@@ -53,21 +53,17 @@
#define IS_UNALIGNED $s7
#if __BYTE_ORDER__ == __ORDER_BIG_ENDIAN__
#define MSB 0
#define LSB 3
-#define ROTx rotl
-#define ROTR(n) rotr n, 24
#define CPU_TO_LE32(n) \
- wsbh n; \
+ wsbh n, n; \
rotr n, 16;
#else
#define MSB 3
#define LSB 0
-#define ROTx rotr
#define CPU_TO_LE32(n)
-#define ROTR(n)
#endif
#define FOR_EACH_WORD(x) \
x( 0); \
x( 1); \
@@ -190,14 +186,14 @@ CONCAT3(.Lchacha_mips_xor_aligned_, PLUS_ONE(x), _b: ;) \
addu X(D), X(N); \
xor X(V), X(A); \
xor X(W), X(B); \
xor X(Y), X(C); \
xor X(Z), X(D); \
- rotl X(V), S; \
- rotl X(W), S; \
- rotl X(Y), S; \
- rotl X(Z), S;
+ rotr X(V), 32 - S; \
+ rotr X(W), 32 - S; \
+ rotr X(Y), 32 - S; \
+ rotr X(Z), 32 - S;
.text
.set reorder
.set noat
.globl chacha_crypt_arch
@@ -370,25 +366,23 @@ chacha_crypt_arch:
addu IN, $at
addu OUT, $at
/* First byte */
lbu T1, 0(IN)
addiu $at, BYTES, 1
- CPU_TO_LE32(SAVED_X)
- ROTR(SAVED_X)
xor T1, SAVED_X
sb T1, 0(OUT)
beqz $at, .Lchacha_mips_xor_done
/* Second byte */
lbu T1, 1(IN)
addiu $at, BYTES, 2
- ROTx SAVED_X, 8
+ rotr SAVED_X, 8
xor T1, SAVED_X
sb T1, 1(OUT)
beqz $at, .Lchacha_mips_xor_done
/* Third byte */
lbu T1, 2(IN)
- ROTx SAVED_X, 8
+ rotr SAVED_X, 8
xor T1, SAVED_X
sb T1, 2(OUT)
b .Lchacha_mips_xor_done
.Lchacha_mips_no_full_block_unaligned:
The MIPS32r2 ChaCha code has never been buildable with the clang assembler. First, clang doesn't support the 'rotl' pseudo-instruction: error: unknown instruction, did you mean: rol, rotr?

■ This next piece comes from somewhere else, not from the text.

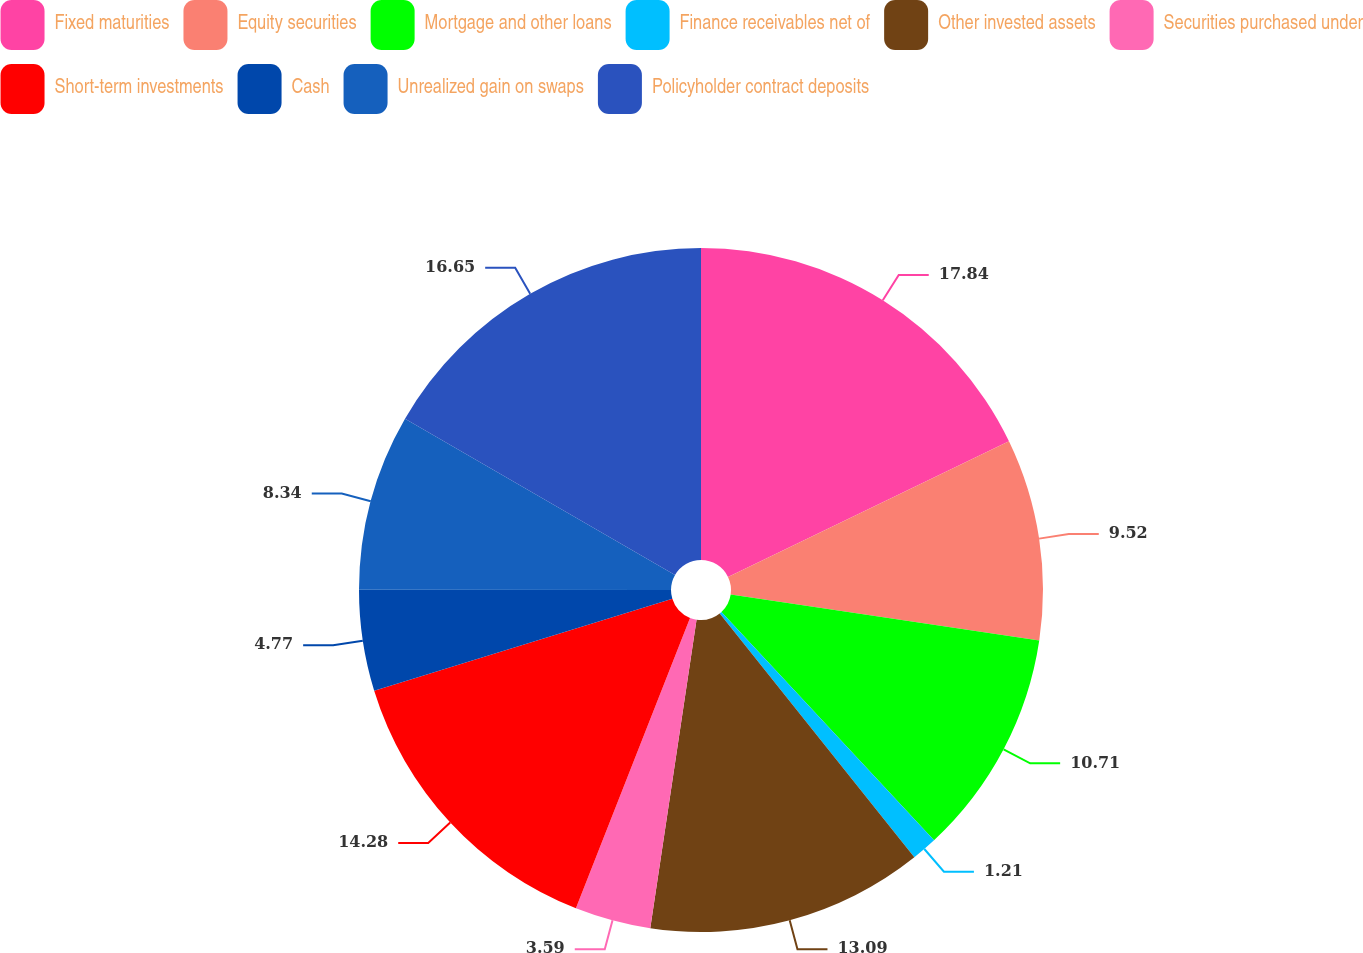<chart> <loc_0><loc_0><loc_500><loc_500><pie_chart><fcel>Fixed maturities<fcel>Equity securities<fcel>Mortgage and other loans<fcel>Finance receivables net of<fcel>Other invested assets<fcel>Securities purchased under<fcel>Short-term investments<fcel>Cash<fcel>Unrealized gain on swaps<fcel>Policyholder contract deposits<nl><fcel>17.84%<fcel>9.52%<fcel>10.71%<fcel>1.21%<fcel>13.09%<fcel>3.59%<fcel>14.28%<fcel>4.77%<fcel>8.34%<fcel>16.65%<nl></chart> 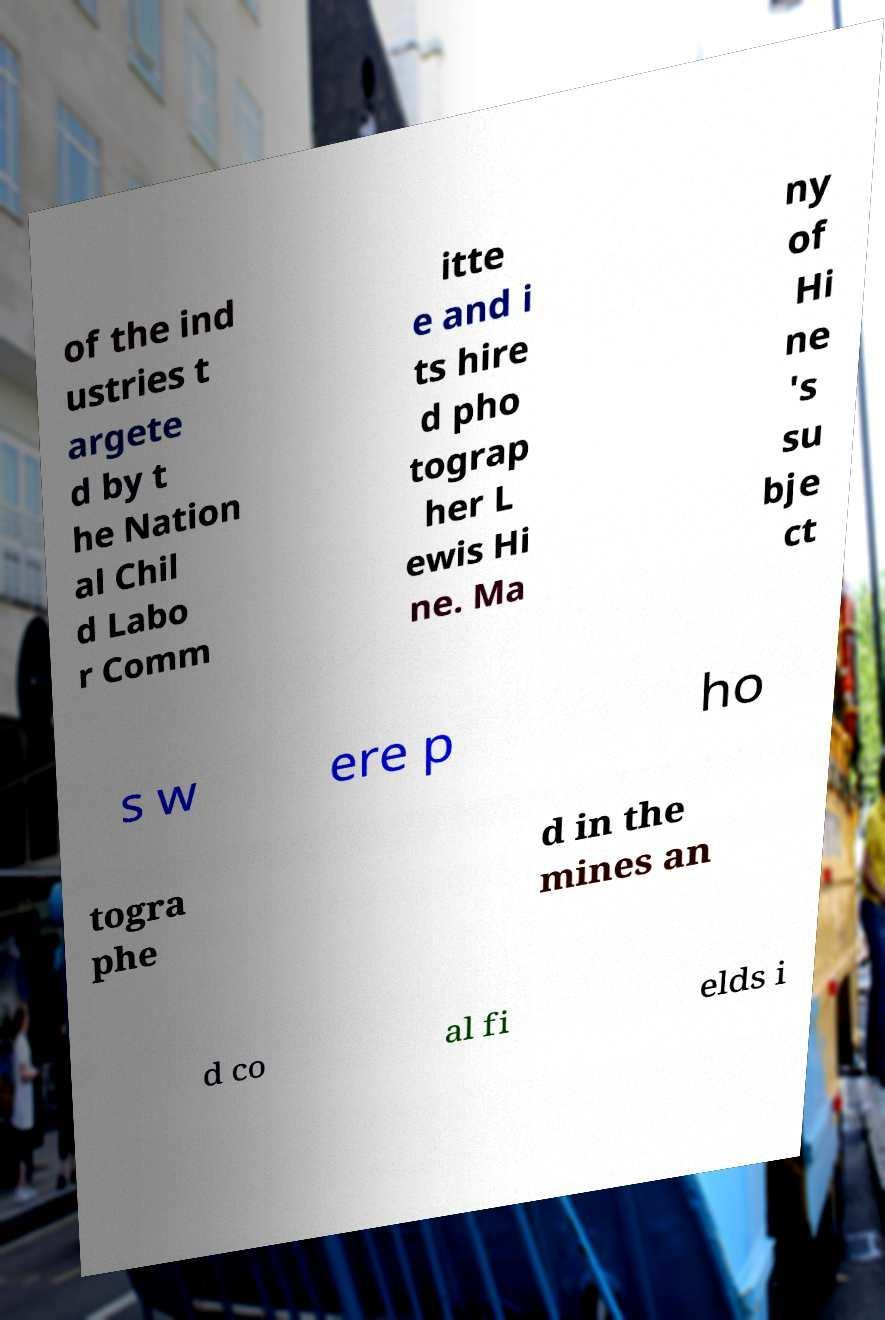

Second, clang requires that both operands of the 'wsbh' instruction be explicitly given: error: too few operands for instruction To fix this, align the code with the real instruction set by (1) using the real instruction 'rotr' instead of the nonstandard pseudo- instruction 'rotl', and (2) explicitly giving both operands to 'wsbh'. To make removing the use of 'rotl' a bit easier, also remove the unnecessary special-casing for big endian CPUs at .Lchacha_mips_xor_bytes. The tail handling is actually endian-independent since it processes one byte at a time. On big endian CPUs the old code byte-swapped SAVED_X, then iterated through it in reverse order. But the byteswap and reverse iteration canceled out. Tested with chacha20poly1305-selftest in QEMU using "-M malta" with both little endian and big endian mips32r2 kernels. Fixes: 49aa7c00eddf ("crypto: mips/chacha - import 32r2 ChaCha code from Zinc") Cc: stable@vger.kernel.org Reported-by: kernel test robot <lkp@intel.com> Closes: https://lore.kernel.org/oe-kbuild-all/202505080409.EujEBwA0-lkp@intel.com/ Signed-off-by: Eric Biggers <ebiggers@kernel.org> --- This applies on top of other pending lib/crypto patches and can be retrieved from git at: git fetch https://git.kernel.org/pub/scm/linux/kernel/git/ebiggers/linux.git mips-chacha-fix lib/crypto/mips/chacha-core.S | 20 +++++++------------- 1 file changed, 7 insertions(+), 13 deletions(-)